Dynamic HDR video with HDR10+

Complementing our integration of Dolby Vision in 2021, we’re bringing the other major dynamic high-dynamic-range video format to Vimeo: HDR10+. Like Dolby Vision, HDR10+ standardizes dynamic metadata that can modify lighting properties as needed, from scene to scene or even frame to frame. In contrast to standard HDR static metadata, which is immutable and limits the level of detail that can be represented across various scenes of a video, dynamic metadata enables fine-tuned videos with diverse visual content to look their best by utilizing the full dynamic range of the display to represent any given frame, improving the contrast within darker or brighter scenes without compromising the quality of the rest of the video.

Any system that supports HDR display and HEVC decoding will receive HDR10+ videos by default from us, although not all displays can render the dynamic parameters — they need to implement HDR10+ technology specifically to do that. Since HDR10+ is a backwards-compatible extension of the HDR10 format with a simple implementation, incompatible displays simply ignore the dynamic component and fall back on static metadata.

You can find a list of HDR10+-certified products on the official standard website. To capture HDR10+ video on compatible devices like smartphones, you may need to toggle it in the settings. A successful HDR10+ upload is labeled as such next to the video title on Vimeo, either in the player (see Figure 1) or below it on the watch page.

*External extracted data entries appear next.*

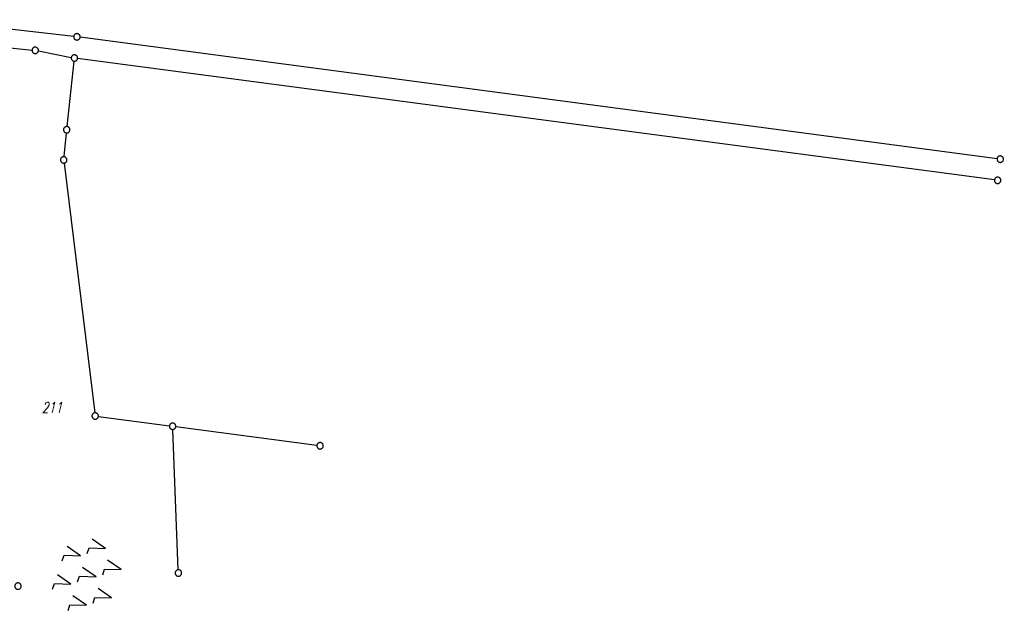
# Model space of a CAD drawing. Extents: x 510526 to 513920, y 467229 to 478797.
# Tile 197 of 256: x 511269 to 511499, y 472545 to 472686. Entities that reach past the tile are written whole.
import ezdxf

# ---------------------------------------------------------------- set-up
doc = ezdxf.new("R2010")
doc.units = 0
doc.header["$LTSCALE"] = 10
doc.header["$MEASUREMENT"] = 0
doc.linetypes.add('LT00', pattern=[0])
doc.layers.get('0').update_dxf_attribs({"linetype": 'LT00'})
for name, color, linetype in [('DFK_FLUR_NR', 250, 'LT00'), ('DFK_GZPKT', 250, 'LT00'), ('DFK_KATASTER', 250, 'LT00'), ('DFK_NUTZUNG', 250, 'LT00')]:
    doc.layers.add(name, color=color, linetype=linetype)
doc.styles.get("Standard").update_dxf_attribs({"font": 'romans.shx'})

# ---------------------------------------------------------------- blocks, each defined once
blk = doc.blocks.new('SYMB7220')
at = {"color": 0, "linetype": 'ByBlock'}
for p, q in [((-0.1, 0.315), (-0.24, 0.315)), ((0, 0.185), (-0.11, -0.185)), ((0.11, -0.185), (0, 0.185)), ((0.7, 0.185), (0.59, -0.185)), ((0.25, -0.185), (0.11, -0.185)), ((-0.1, -0.685), (-0.24, -0.685))]:
    blk.add_line(p, q, dxfattribs=at)
for points in [[(-0.24, 0.315), (-0.35, 0.685), (-0.46, 0.315)], [(0.6, 0.315), (0.46, 0.315), (0.35, 0.685), (0.24, 0.315)], [(-0.45, -0.185), (-0.59, -0.185), (-0.7, 0.185), (-0.81, -0.185)], [(0.95, -0.185), (0.81, -0.185), (0.7, 0.185)], [(-0.24, -0.685), (-0.35, -0.315), (-0.46, -0.685)], [(0.6, -0.685), (0.46, -0.685), (0.35, -0.315), (0.24, -0.685)]]:
    blk.add_lwpolyline(points, dxfattribs=at)
blk = doc.blocks.new('SYMB7010')
at = {"color": 0, "linetype": 'ByBlock'}
for points in [[(-0.031408, 0.499213), (-0.093728, 0.49134), (-0.15457, 0.475719), (-0.212975, 0.452595), (-0.268021, 0.422333), (-0.31884, 0.385411), (-0.36463, 0.342411), (-0.40467, 0.29401), (-0.438329, 0.240973), (-0.465074, 0.184136), (-0.484486, 0.124395), (-0.496256, 0.062692), (-0.5002, 0)], [(-0.5002, 0), (-0.496256, -0.062692), (-0.484486, -0.124395), (-0.465075, -0.184136), (-0.438329, -0.240973), (-0.404671, -0.29401), (-0.36463, -0.342411), (-0.31884, -0.385411), (-0.268021, -0.422333), (-0.212975, -0.452595), (-0.154571, -0.475719), (-0.093728, -0.49134), (-0.031408, -0.499213), (0.031408, -0.499213)], [(0.5002, 0), (0.496256, 0.062692), (0.484485, 0.124395), (0.465074, 0.184136), (0.438329, 0.240973), (0.40467, 0.29401), (0.36463, 0.342411), (0.31884, 0.385411), (0.268021, 0.422333), (0.212975, 0.452595), (0.15457, 0.475719), (0.093728, 0.49134), (0.031408, 0.499213), (-0.031408, 0.499213)], [(0.031408, -0.499213), (0.093728, -0.491341), (0.15457, -0.475719), (0.212975, -0.452595), (0.268021, -0.422333), (0.31884, -0.385411), (0.36463, -0.342411), (0.404671, -0.294011), (0.438329, -0.240974), (0.465075, -0.184136), (0.484486, -0.124395), (0.496256, -0.062692), (0.500201, 0)]]:
    blk.add_lwpolyline(points, dxfattribs=at)

msp = doc.modelspace()

# ---------------------------------------------------------------- linework, layer by layer
at = {"layer": 'DFK_KATASTER'}
for p, q in [((511281.31, 472681.7), (511246.47, 472685.63)), ((511497.25, 472653.13), (511282.8, 472681.52)), ((511259.63, 472679.8), (511271.56, 472678.54)), ((511273.05, 472678.32), (511280.74, 472676.8)), ((511279.75, 472660.65), (511281.4, 472675.91)), ((511496.64, 472648.17), (511282.22, 472676.56)), ((511279.04, 472653.61), (511279.6, 472659.15)), ((511279.06, 472652.12), (511286.24, 472593.72)), ((511287.07, 472592.88), (511303.7, 472590.69)), ((511338.18, 472586.12), (511305.18, 472590.49)), ((511305.76, 472557.04), (511304.47, 472589.84))]:
    msp.add_line(p, q, dxfattribs=at)

# ---------------------------------------------------------------- block references
at = {"layer": 'DFK_GZPKT', "xscale": 1.499999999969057, "yscale": 1.5, "zscale": 1.5, "rotation": 251.2881100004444}
for p in [(511282.06, 472681.62), (511272.31, 472678.46), (511281.48, 472676.66), (511279.67, 472659.9), (511278.97, 472652.86), (511497.99, 472653.03), (511497.38, 472648.07), (511286.33, 472592.98), (511304.44, 472590.59), (511338.92, 472586.02), (511305.79, 472556.29), (511268.28, 472553.22)]:
    msp.add_blockref('SYMB7010', p, dxfattribs=at)
at = {"layer": 'DFK_NUTZUNG', "xscale": 10, "yscale": 10, "zscale": 10, "rotation": 251.28826}
msp.add_blockref('SYMB7220', (511284.78, 472555.96), dxfattribs=at)

# ---------------------------------------------------------------- texts
at = {"layer": 'DFK_FLUR_NR', "oblique": 13.754, "width": 0.75}
msp.add_text('211', height=2.5, rotation=-0.0003, dxfattribs=at).set_placement((511273.82, 472593.74))

doc.saveas('drawing.dxf')

Vimeo player with an HDR10+ label.
Figure 1. Vimeo player with an HDR10+ label.

As of this writing, we support HDR10+ files only in the HEVC format with dynamic metadata embedded in the video stream at the codec level, which is the most common distribution format, although we’re always on the lookout for improvements to our format and device coverage. We also don’t take dynamic metadata into account when tonemapping (compressing the dynamic range), so it won’t affect the look of the video when viewed on a display that doesn’t support HDR at all, or at lower resolutions. While dynamic tonemapping provides benefits in maintaining fidelity in brightness and contrast, in SDR there are significant tradeoffs that limit its appeal. With a limited dynamic range available to begin with, the benefits of dynamic metadata for improving contrast are minimized. Pulling the dynamic range towards a darker or brighter range without adequate support on the display also leads to flattened areas of low-contrast highlights and shadows. Finally, tonemapping in SDR would lead to inconsistencies between the look of SDR renditions and regular HDR, as HDR panels without HDR10+ support ignore the dynamic metadata instead of attempting to tonemap it as well. Considering the limited device support for dynamic HDR formats, typical dynamic HDR content is mastered with this caveat in mind and should look good with static metadata alone.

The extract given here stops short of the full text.